Atomic Wallet Major Cybersecurity Breach
Take action: A rare and very unfortunate attack vector - compromising of the application code. If developing code, implement rigid code review and approval practices for all critical components of the system, making it very difficult for any one person to inject malicious code without another person reviewing and approving the code.
Learn More
Atomic Wallet, a popular cryptocurrency wallet provider, is currently investigating a major cybersecurity incident involving a significant breach. Preliminary estimates suggest that hundreds of millions of dollars' worth of cryptocurrency has been stolen from private wallets. This has caused alarm, particularly among Australian users.
At least $35 million worth of crypto assets have been confirmed stolen from Atomic Wallet users since 2nd of June.
Google has suspended downloads and updates for the Atomic Wallet app in Australia.
Initial investigations point to a malicious serverside update as the attack vector for the breach. Users have described a forced app update that preceded the loss of their entire cryptocurrency balance.
It appears that the security breach occurred on Atomic Wallet's compromised cloud server, allowing the attacker to tamper with the application code and introduce a fraudulent update.
While private keys are not stored on the server, the compromised version of the app was able to read and transmit the keys to the hacker. Upon logging in, users were prompted to install the involuntary "new version," which contained the malicious code. The tampered update likely included a crypto-stealing trojan, which intercepted and extracted users' private keys. These keys are crucial for the security of cryptocurrency wallets, and by obtaining them, the attacker gained access to users' cryptocurrency assets, resulting in the large-scale theft.
This suspected breach method raises concerns about the security protocols at Atomic Wallet, as it appears that the unauthorized modification of the software on the compromised server went undetected before being rolled out to end-users.

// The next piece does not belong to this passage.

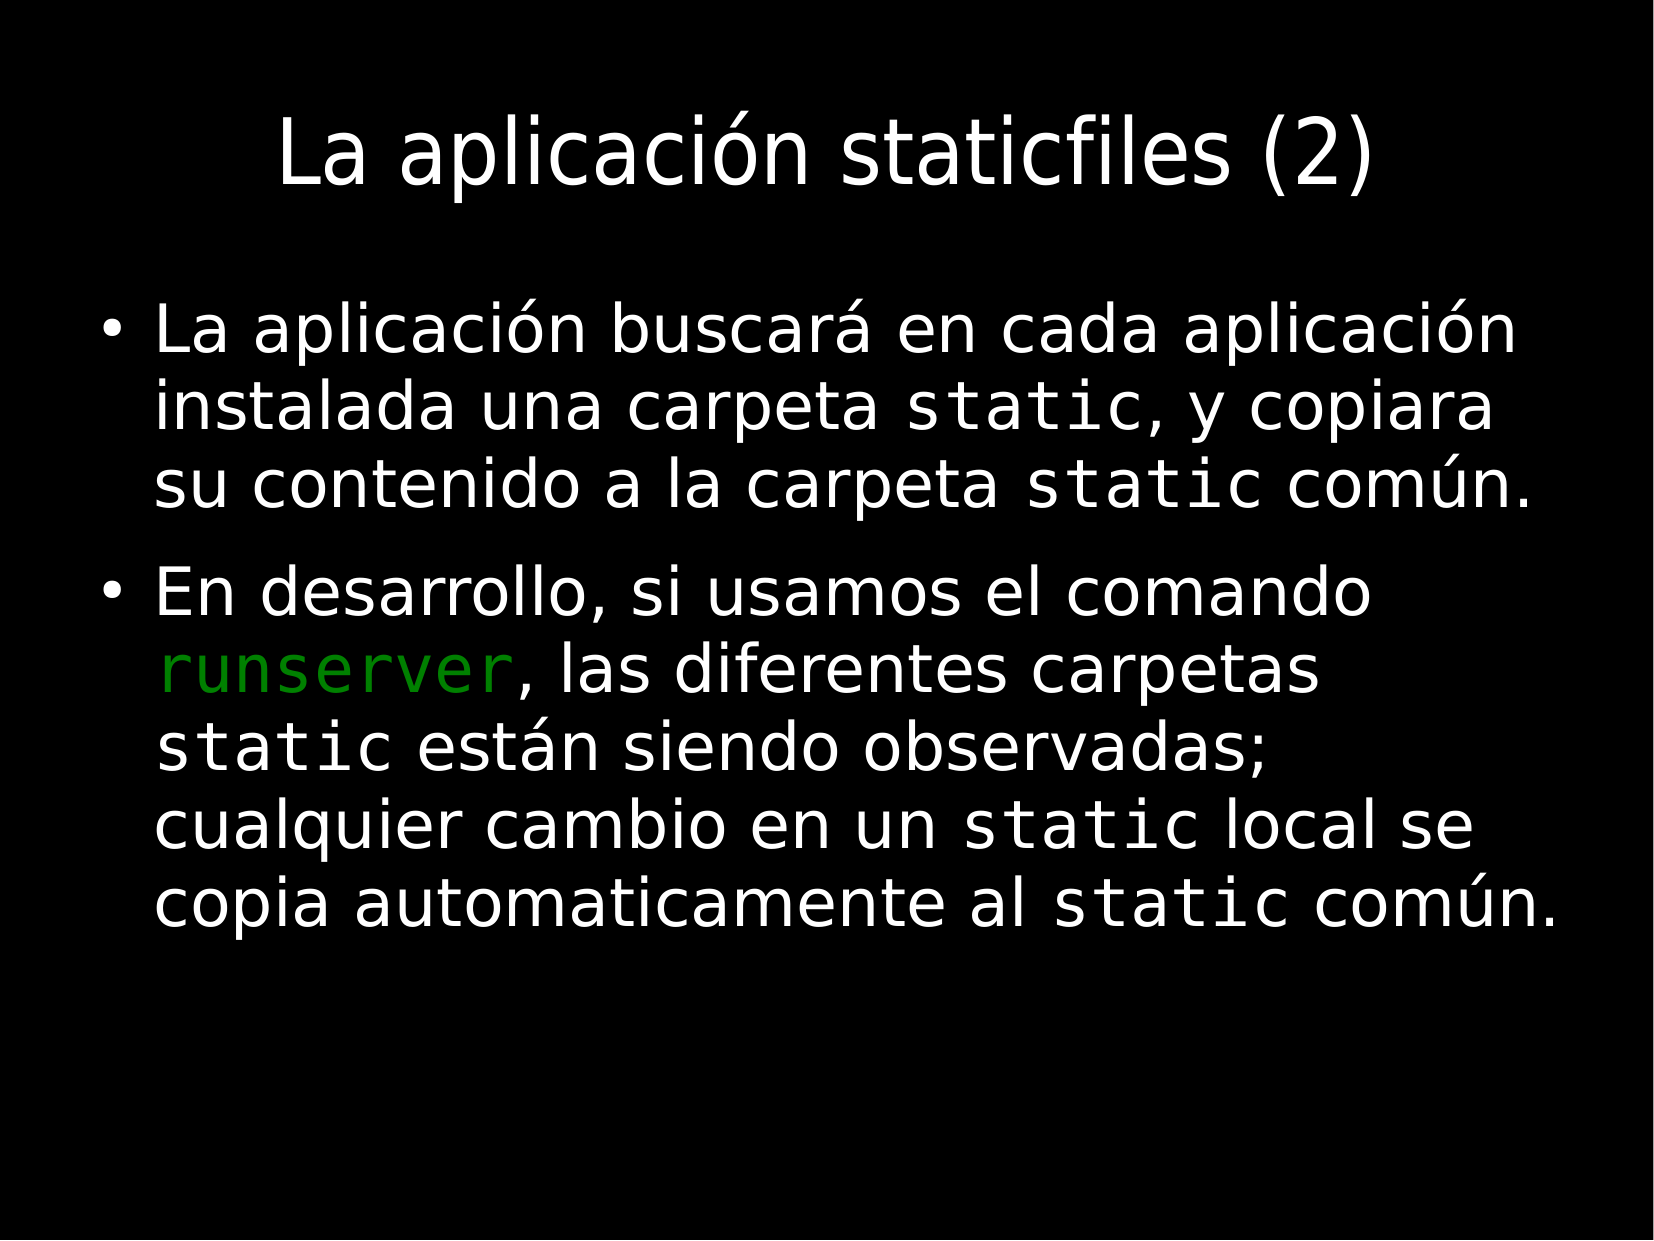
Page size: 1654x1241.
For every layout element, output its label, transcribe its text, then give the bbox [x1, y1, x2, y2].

title La aplicación staticfiles (2) [82, 49, 1571, 257]
list La aplicación buscará en cada aplicación instalada una carpeta static, y copiara su contenido a la carpeta static común. En desarrollo, si usamos el comando runserver, las diferentes carpetas static están siendo observadas; cualquier cambio en un static local se copia automaticamente al static común. [82, 290, 1571, 1109]

The incident underscores the vulnerabilities that exist in cryptocurrency platforms and highlights the urgent need for robust security measures to safeguard user assets.
In response to numerous complaints across forums and social media platforms, Atomic Wallet acknowledged the breach on its Twitter account and assured users that an investigation is currently underway. The company stated that it is working with leading security firms to identify the attack vectors and is actively gathering information from affected users. Additionally, they have reached out to major exchanges and blockchain analytics companies to track and potentially block the stolen funds.